The second varifactor accounted for about 19.45% of the total variance and was loaded by the age class of people older than 70 years, and was named the “ageing index”. The third extracted varifactor (F3) explained about 15% of the total variance and accounted for the variables that were mostly related to the population age classes between 10–24 and 50–59 years old. Thus, it was interpreted as the “adolescents and quinquagenarian index”. Factor four (F4) accounted for 7% of the total variance and was interpreted as the “divorce index” because it was correlated with the number of people who were divorced. Factor five (F5) accounted for the “illiteracy index”, explaining 6.47% of the total variance. The sixth varifactor (F6) was loaded by the population with an age between 60 and 69 and was named the “sexagenarian index”, explaining 5% of the total variance. Factor seven (F7) accounted for children of 5–9 years, so was considered the “child index”, explaining 3.60% of the total variance. Finally, factor eight (F8) accounted for about 2.6% of the total variance and correlated with the number of people with a university degree, and was thus interpreted as the “education index”. These eight demographic indicators were used to describe the socio-demographic context in the Milan area, which is relatively heterogeneous in terms of age, education, employment, etc.

3.2. Hierarchical Cluster Analysis (HCA) Applied to Eight Factor Loadings

HCA was applied to the eight varifactors (F1–F8) previously extracted through factor analysis for analysis of the similarities in terms of the demographic indictors at the different monitoring stations. HCA outlined six demographic clusters (CLs). In Figure 5, bar charts show the cluster characteristics. Bars show the average of the eight demographic indicators across the six clusters. Based on Figure 5, the six demographic clusters (CLs) have the following characteristics:
Cluster 1 (CL1) shows some of the characteristics above the average of the overall sample (e.g., family, aging, and adolescent indexes), whereas the other four demographic varifactors are all below the average; cluster 2 (CL2) is characterized by all the varifactors and indicators below the average of the overall sample; cluster 3 (CL3) presents all the indicators below the average, with the exceptions of the child index and education index, which are slightly above the average; cluster 4 (CL4) has the majority of varifactors above the average of the overall sample, particularly illiteracy, family, divorce and child indexes; and cluster 5 (CL5) is dominated by the aging index. However, the illiterate index and the family index are slightly above the average of the overall sample. Cluster 6 (CL6) is dominated by the education index, whereas all other indicators, with the exception of the illiterate index, are above the average of the overall sample.

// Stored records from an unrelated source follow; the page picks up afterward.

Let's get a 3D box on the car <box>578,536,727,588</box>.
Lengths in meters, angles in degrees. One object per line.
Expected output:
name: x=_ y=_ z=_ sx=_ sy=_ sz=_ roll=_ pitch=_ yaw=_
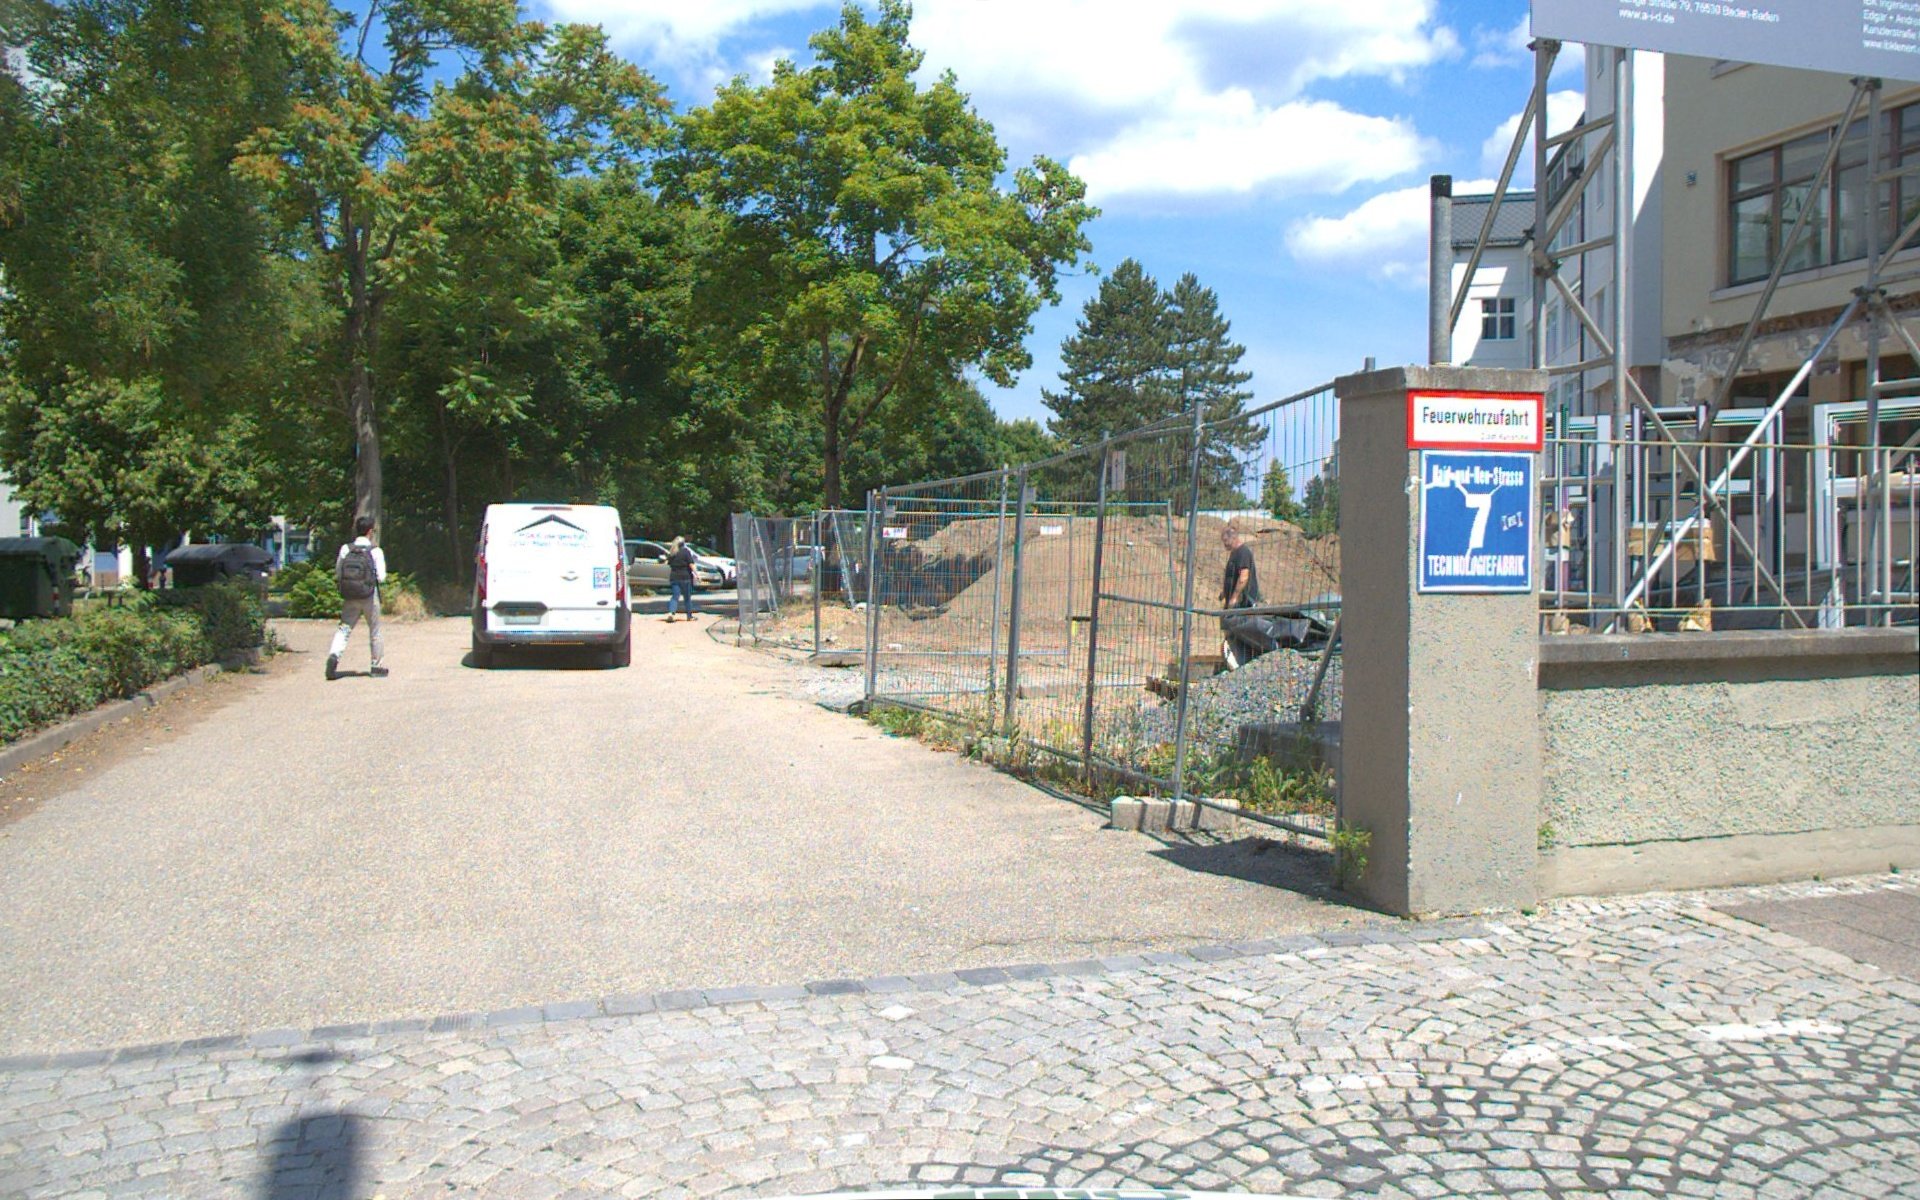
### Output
car: x=-10.107 y=-1.233 z=54.535 sx=4.409 sy=1.637 sz=2.002 roll=0 pitch=0 yaw=11

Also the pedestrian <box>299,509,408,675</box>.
pedestrian: x=-6.630 y=-0.112 z=18.133 sx=0.857 sy=1.759 sz=1.079 roll=-1 pitch=2 yaw=-6

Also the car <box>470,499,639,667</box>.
car: x=-5.398 y=-0.282 z=22.003 sx=1.940 sy=1.980 sz=4.564 roll=-1 pitch=2 yaw=-14

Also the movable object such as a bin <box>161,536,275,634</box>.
movable object such as a bin: x=-11.147 y=-0.237 z=24.859 sx=1.136 sy=1.418 sz=1.113 roll=1 pitch=2 yaw=34

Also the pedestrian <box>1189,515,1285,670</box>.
pedestrian: x=3.387 y=-0.108 z=20.249 sx=0.946 sy=1.851 sz=0.869 roll=-1 pitch=2 yaw=-8

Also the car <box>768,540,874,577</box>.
car: x=-6.273 y=-1.887 z=74.949 sx=4.409 sy=1.625 sz=1.939 roll=0 pitch=2 yaw=11

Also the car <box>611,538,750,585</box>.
car: x=-9.615 y=-1.328 z=57.024 sx=4.409 sy=1.558 sz=1.727 roll=0 pitch=2 yaw=10

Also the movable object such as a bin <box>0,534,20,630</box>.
movable object such as a bin: x=-15.806 y=-0.278 z=26.059 sx=1.328 sy=1.505 sz=1.096 roll=-1 pitch=2 yaw=-3

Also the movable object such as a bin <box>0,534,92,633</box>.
movable object such as a bin: x=-14.529 y=-0.274 z=25.766 sx=1.292 sy=1.505 sz=1.209 roll=0 pitch=2 yaw=8

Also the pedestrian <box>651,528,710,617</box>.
pedestrian: x=-5.348 y=-0.545 z=31.701 sx=1.015 sy=1.678 sz=1.048 roll=-1 pitch=2 yaw=-6

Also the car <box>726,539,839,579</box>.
car: x=-7.436 y=-1.736 z=69.441 sx=4.409 sy=1.625 sz=1.727 roll=0 pitch=2 yaw=10

3.3. Statistical Analysis of CBZ Levels in Aquifer B

To reduce the effect of heterogeneity, hierarchical clustering was applied to the 21 measuring points of CBZ in the second aquifer (B). Cluster analysis helped to group the groundwater samples according to their similarities in terms of CBZ levels, as illustrated in the dendrogram (Figure 6). The dendrogram illustrates the distance between cases or groups that are clustered in a particular step. Dendrograms can generally provide information about the appropriate number of clusters to retain. The horizontal axis of the dendrogram represents the distance or dissimilarity between clusters, and the vertical axis represents the groundwater (GW) monitoring stations and clusters. The dendrogram suggests grouping the 21 groundwater monitoring stations of aquifer B into five clusters (CLBs). Cluster 1 (CLB1) includes the stations of B1, B14, and B15, with CBZ concentrations lower than 4 ng/L; cluster 2 (CLB2) includes the stations B17, B19, B8, B5, and B20, with CBZ values in the range of 7–11 ng/L. Cluster 3 (CLB3) consists of stations B4, B6, B3, and B16, with CBZ concentrations around 16 ng/L. Cluster 4 (CLB4) contains the stations B2, B9, B18, B21, B10, and B11, with CBZ values between 12 and 15 ng/L, and cluster 5 (CLB5) includes the stations B12, B7, and B13, with the highest levels of CBZ above 22 ng/L (Table 1). More information about the classifications based on cluster analysis and descriptive statistics of each cluster can be found in Supplementary Materials Tables S4 and S5.
The CBZ concentration clusters in aquifer B (CLBs) were cross-tabulated with the demographic clusters (CLs) explained in Section 3.2, and their statistical association was tested using the chi-square test. Chi-square results showed that the CBZ clusters and the demographic clusters were significantly associated (χ2 = 158; p-value = 0.00001). In particular, the clusters (CLBs) with higher CBZ levels were found to be associated with a higher presence of older people.
For a better understanding of the relationship between the demographic indicators and CBZ levels, a correlation analysis was applied to the dataset aggregating the demographic indexes by the CBZ clusters. The results showed that there was a positive significant relationship between family index, aging index, divorce index, and CBZ levels in groundwater. By contrast, the sexagenarian index showed a negative significant correlation with the concentration of CBZ in aquifer B. The correlation matrix is presented in Table 3. Although some correlations are weak, it appears reasonable to conclude that some factors such as age may affect the population consumption of CBZ, and therefore its concentration in the groundwater. Higher CBZ levels may be the result of a higher consumption of CBZ among the elderly aged over 70 years, or adults who have children aged under 5 years. Moreover, there is a positive significant correlation between the high level of CBZ and the divorce index. Other indicators did not show a clear relationship with CBZ pollution in the mentioned aquifer.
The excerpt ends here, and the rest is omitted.